Problem 1:

A  block with mass m is hanging on a spring with spring constant k. 
The spring is held on the other side by a hand. 

(a)  If the hand moves as  y_h(t) = Asin(ωt), use the Lagrangian formalism to find the equation of motion of the block?  Assume that the spring is ideal and there is no damping.  Assume that ω is not the natural frequency of the spring."
(b)  What "initial conditions" at t = 0 are needed so that the block oscillates with a single frequency ω?  Under those conditions, what is the oscillation amplitude of the block?  What is the oscillation phase of the block relative to the hand?

Problem 2:

Consider the N equally spaced, identical balls connected by springs.  All balls have mass m, all springs have spring constant β, and adjacent balls are separated by distance a at equilibrium.

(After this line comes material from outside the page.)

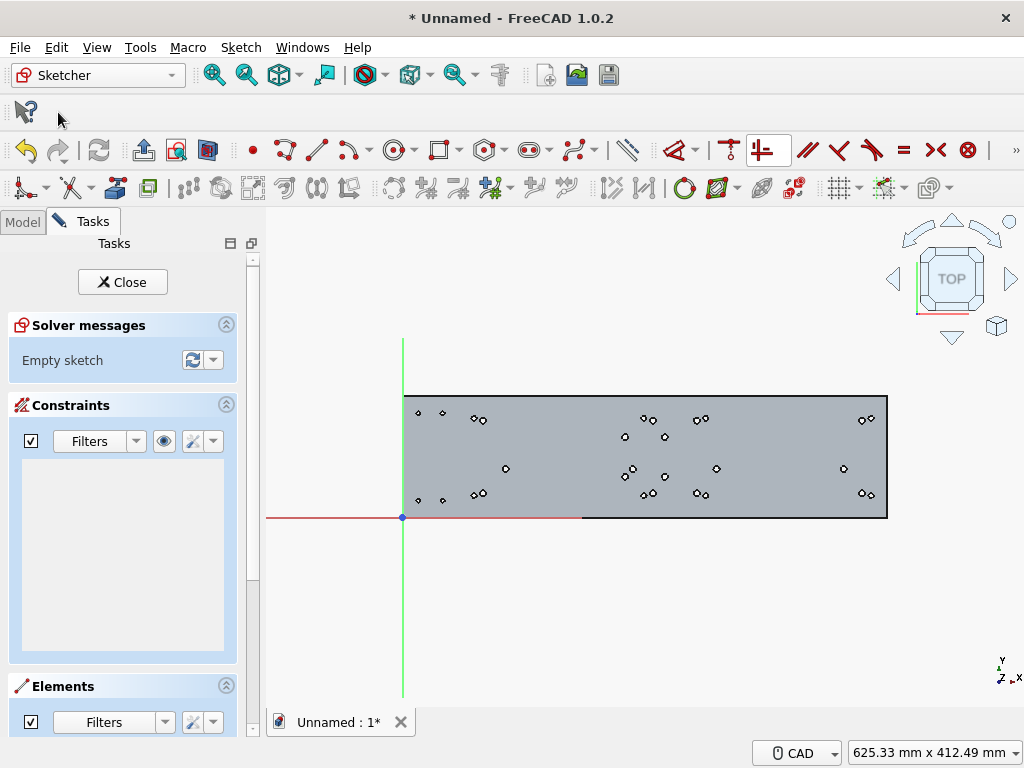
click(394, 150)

(a)  Write down the equation of motion for each ball.  You can assume periodic boundary conditions.

(b)  Longitudinal wave can propagate along the springs and balls. 
Prove that the dispersion relation between the wave angular frequency ω and wave vector k is given by
ω_n = 2(β/m)^½|sin(k_n*a/2)|.
Here ω₀² = 4β/m.

Problem 3:

A particle of mass m is moving on the surface of a cone placed vertically with the vertex downwards in a uniform gravitational field.  The vertical angle of the cone is 2α .
(a)  Obtain the Lagrange equations of motion.

(b)  What quantities are conserved?  What is the energy of the system?

(c)  Determine the number of physical turning points in the orbit.  That is, does an infalling particle plunge, bounce to infinity, or oscillate back and forth in distance?
Show your work.

Problem 4:

A small object with mass m moves on a smooth, friction-free horizontal surface.  It is attached to a peg at the origin by an ideal massless spring with spring constant k and equilibrium length r₀.  At time t = 0, the mass is set in motion in an arbitrary direction from point (r,φ).  Assume the spring can rotate about the origin, but not bend.

(a)  Find the Lagrangian L for the system, then

(b)  calculate the generalized momenta p_j.

(c)  Construct the Hamiltonian function, H(p_j, q_j, t),

(d)  then work out the equations of motion dp_j/dt and dq_j/dt. 

(e)  Are any of the variables cyclic, thereby giving especially simple equations of motion?  If so, integrate the equation(s) and interpret your results physically.

(f)  Consider the special case that r = constant.  Deduce the condition(s) that allow this case and discuss how this occurs physically.